De kraai even
verderop, hij verkeert in het gezelschap van twee soortgenoten, mankeert wel
degelijk iets. Hij loopt met een hupje en ik kan duidelijk zien dat zijn
rechterpoot een beetje scheef staat. Het lijkt ook korter en dunner dan zijn
linker. Het doet mij aan mijn zwager denken. Gister kwamen hij en mijn zus
onverwacht op verjaardagvisite. Kees vertelde dat de dokter al snel in de
gaten had dat zijn ene heup hoognodig aan vervanging toe was: ‘Laat je broek
maar even zakken,’ liet de arts hem vanachter zijn bureau weten.

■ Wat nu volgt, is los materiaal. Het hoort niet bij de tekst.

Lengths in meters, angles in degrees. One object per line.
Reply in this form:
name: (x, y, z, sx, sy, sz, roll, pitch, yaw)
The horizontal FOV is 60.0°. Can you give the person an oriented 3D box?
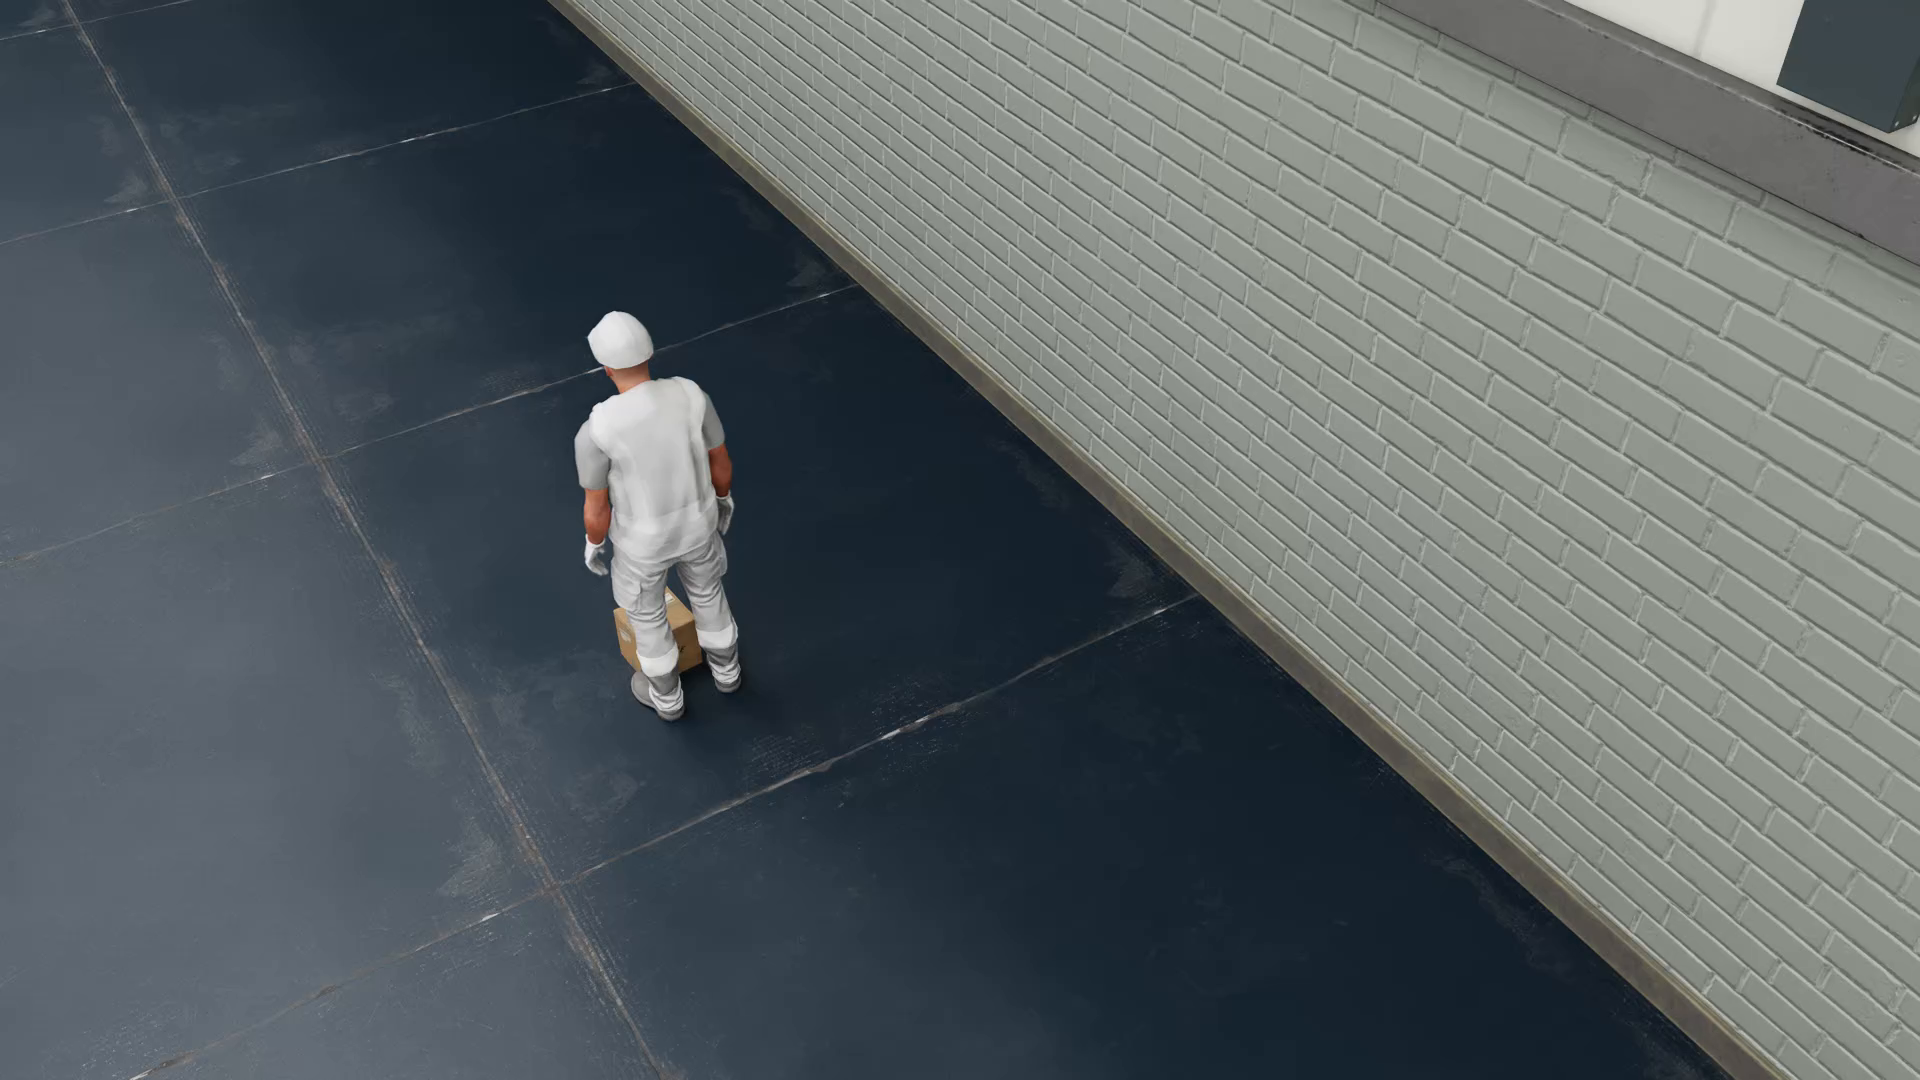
person: (-1.117, -0.059, 6.215, 0.609, 1.779, 0.449, -22, 45, -24)
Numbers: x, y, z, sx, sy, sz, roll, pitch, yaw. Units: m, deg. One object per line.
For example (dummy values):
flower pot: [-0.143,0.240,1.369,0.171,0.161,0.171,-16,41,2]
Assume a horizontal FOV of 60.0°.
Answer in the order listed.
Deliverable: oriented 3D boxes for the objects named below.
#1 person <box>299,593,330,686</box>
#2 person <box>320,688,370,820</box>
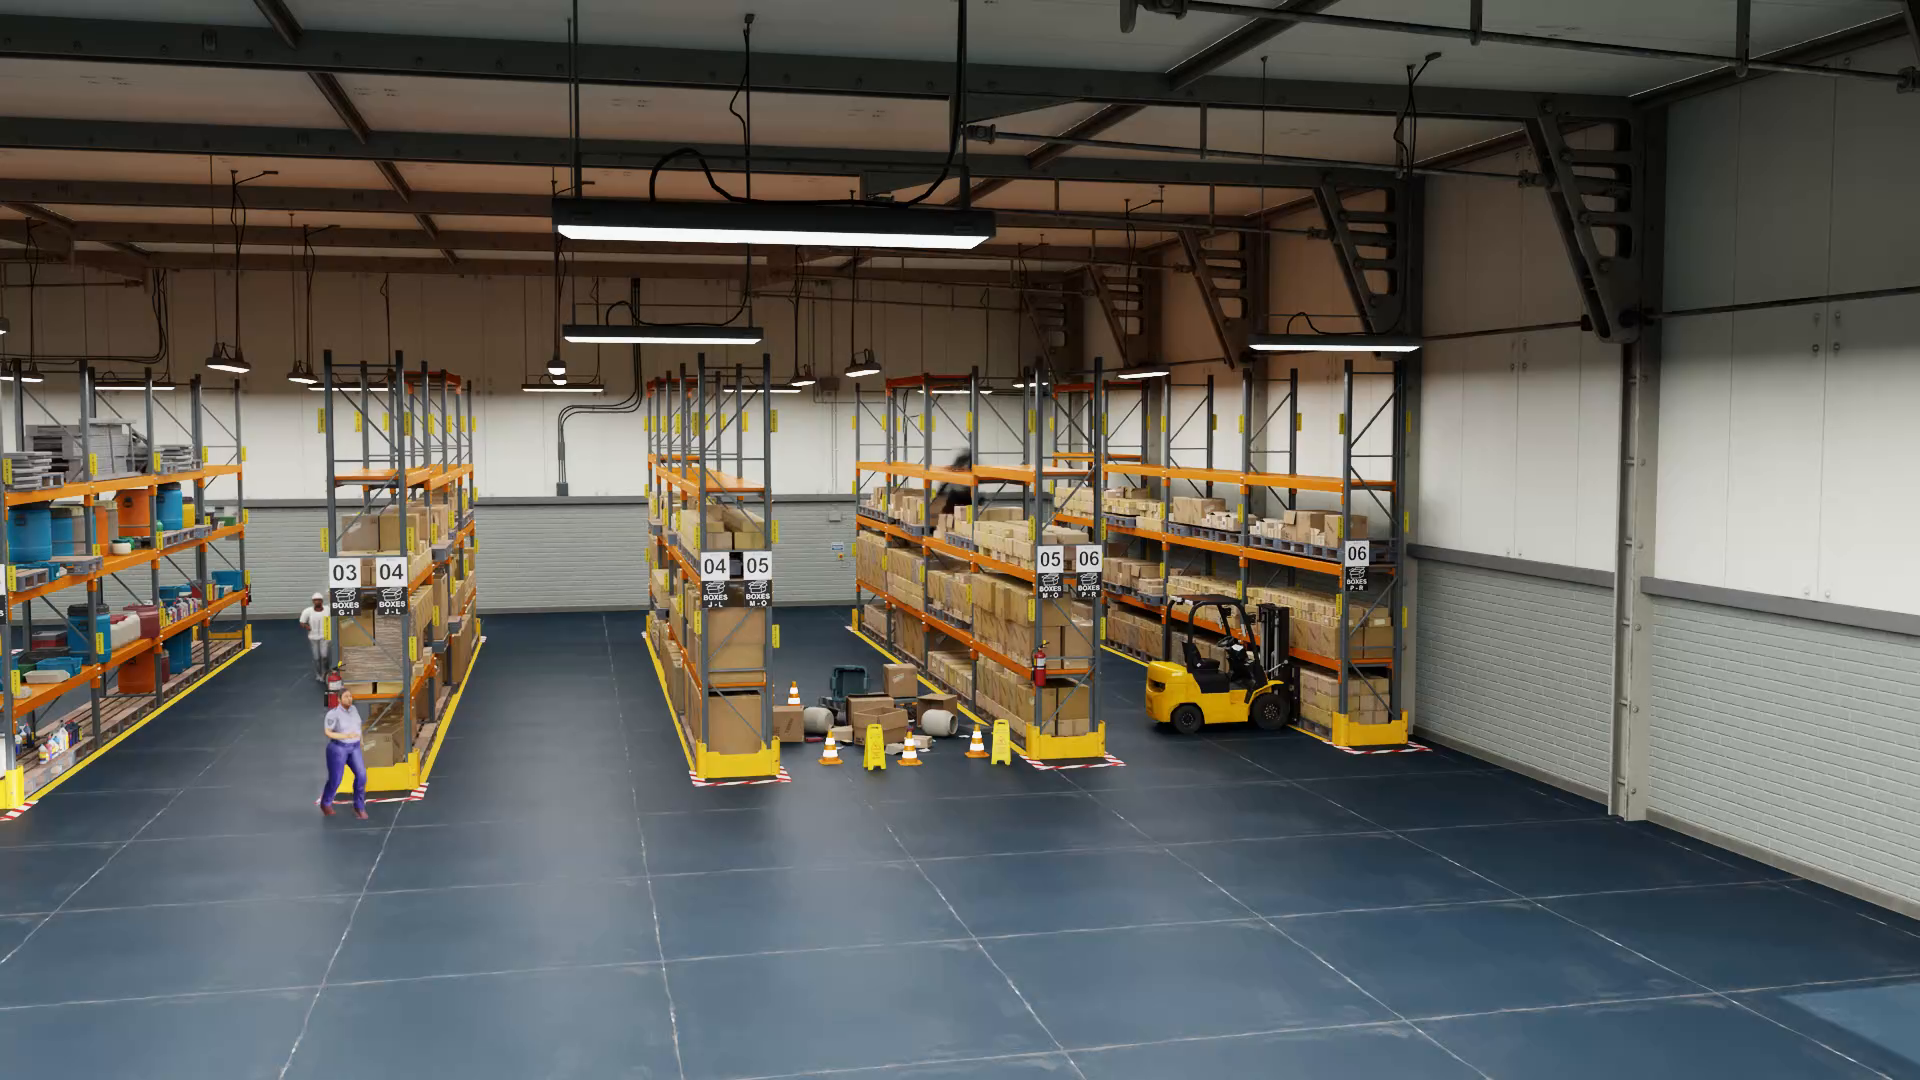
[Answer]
person: [-12.322,1.908,31.954,0.681,1.795,0.730,-1,4,-15]
person: [-7.821,2.731,21.117,0.748,1.728,0.624,3,5,32]
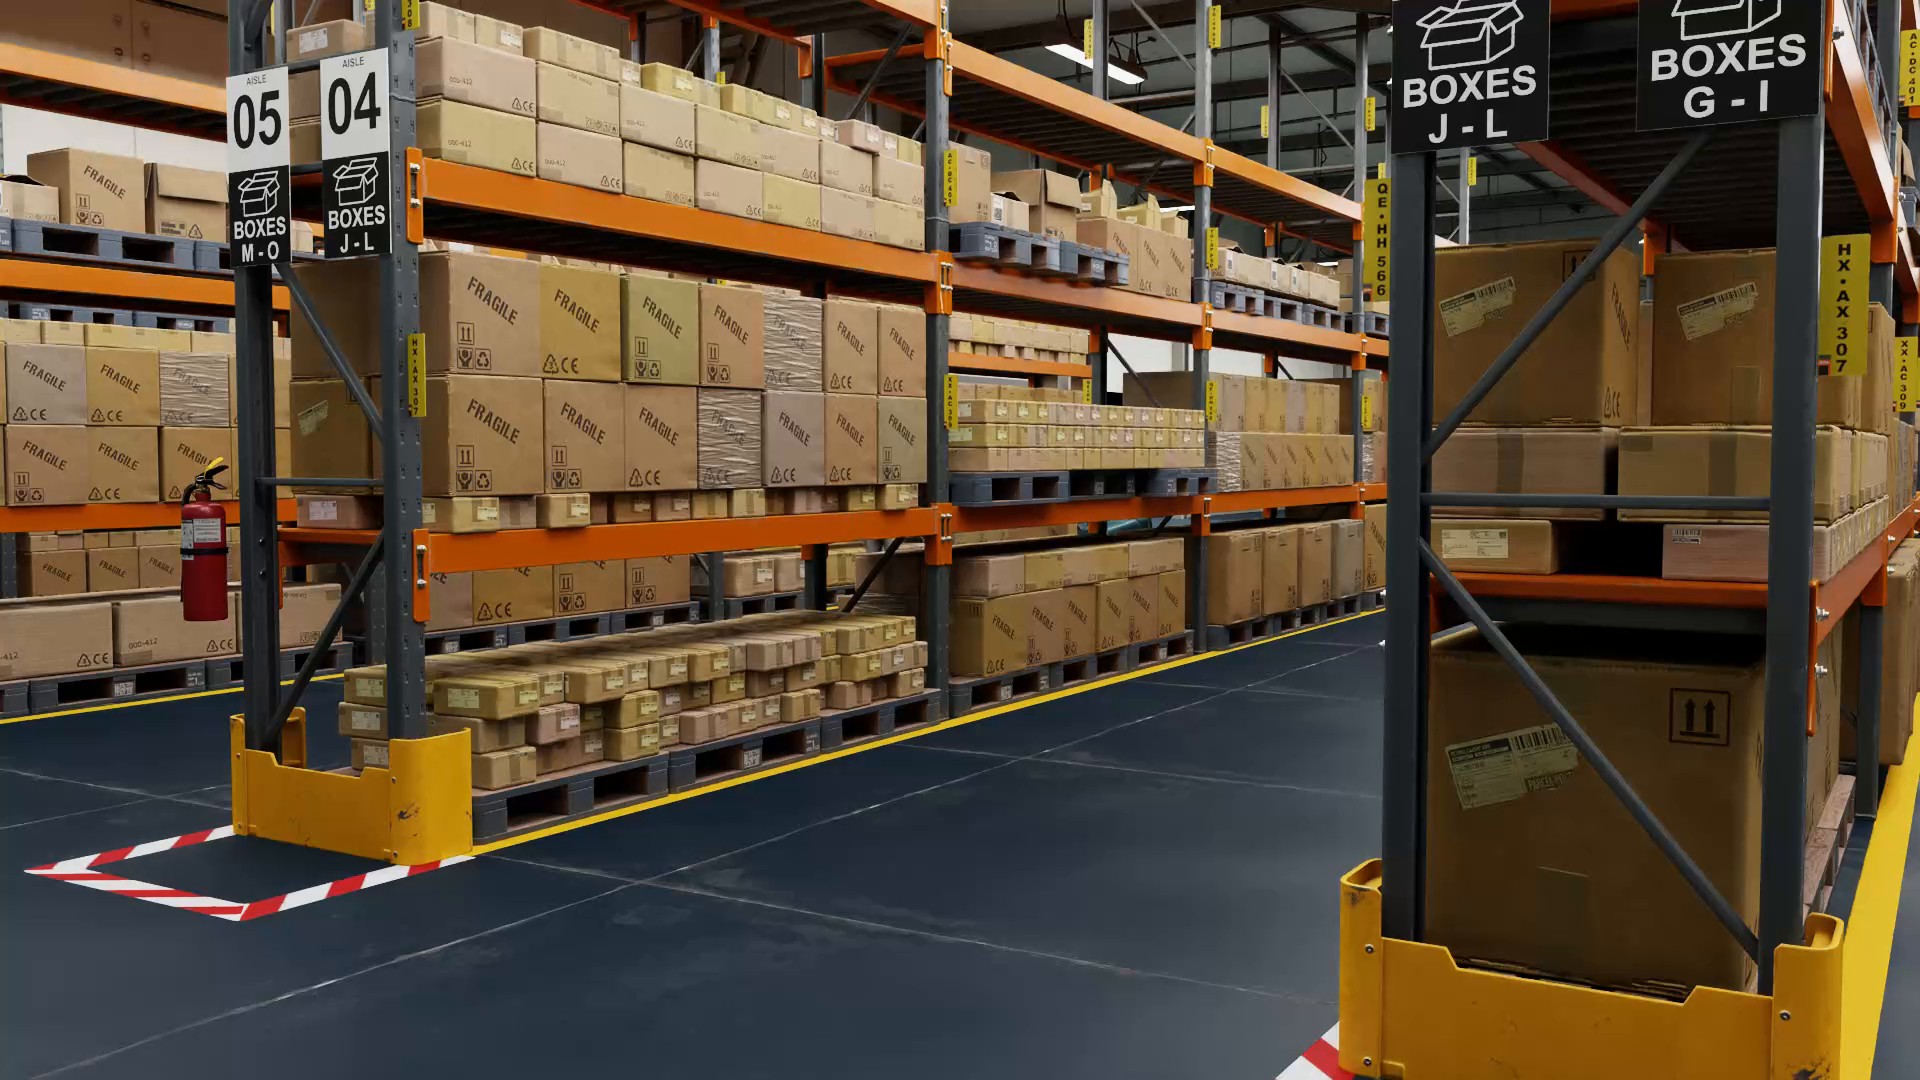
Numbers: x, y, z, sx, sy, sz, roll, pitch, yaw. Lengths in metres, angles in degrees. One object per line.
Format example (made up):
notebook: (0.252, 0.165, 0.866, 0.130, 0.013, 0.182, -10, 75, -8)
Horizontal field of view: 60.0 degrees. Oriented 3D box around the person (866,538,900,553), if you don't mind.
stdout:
person: (-0.746, -0.011, 16.390, 0.407, 1.634, 0.341, 2, 4, 32)
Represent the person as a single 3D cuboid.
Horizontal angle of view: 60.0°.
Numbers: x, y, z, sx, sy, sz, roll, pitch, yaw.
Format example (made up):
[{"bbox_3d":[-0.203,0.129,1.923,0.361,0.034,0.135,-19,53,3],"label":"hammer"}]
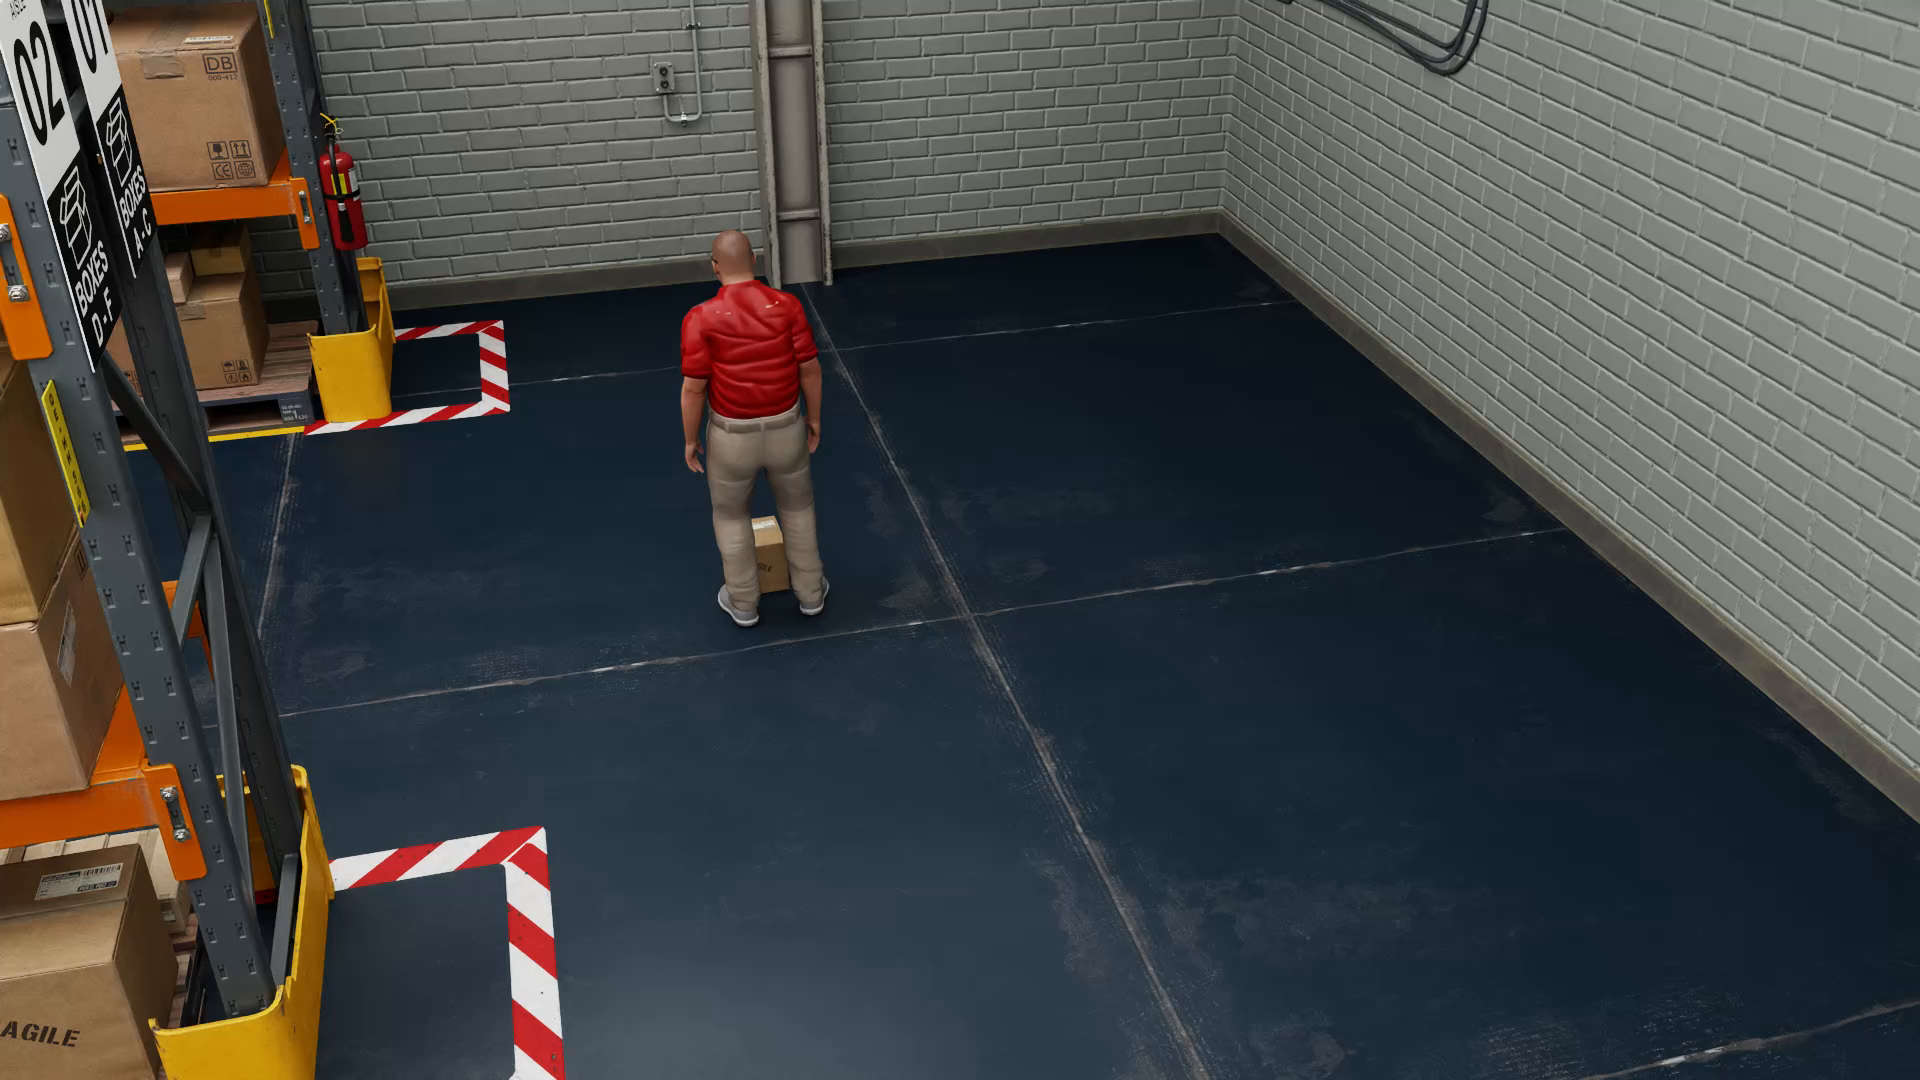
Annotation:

Kees deed
braaf wat hem was opgedragen, maar mocht hem halverwege al weer ophijsen: ‘Ik
heb ’t al gezien’, had de orthopedisch specialist gezegd. Zijn ene been was dan
ook beduidend dunner dan het ander, dat van Kees bedoel ik, omdat hij dat al
lange tijd niet of veel minder belastte! Versleten kraakbeen in het
heupgewricht is blijkbaar behoorlijk pijnlijk.
Dat euvel was sluipenderwijs
ontstaan vanwege de Kattenbakkenthuiscentrale, het handeltje dat mijn zwager,
samen met mijn zus, had opgezet nadat hun Amsterdamse kruidenierswinkel niet
langer liep – de opkomst van grote zelfbedieningen hadden het ‘buurtwinkeltje’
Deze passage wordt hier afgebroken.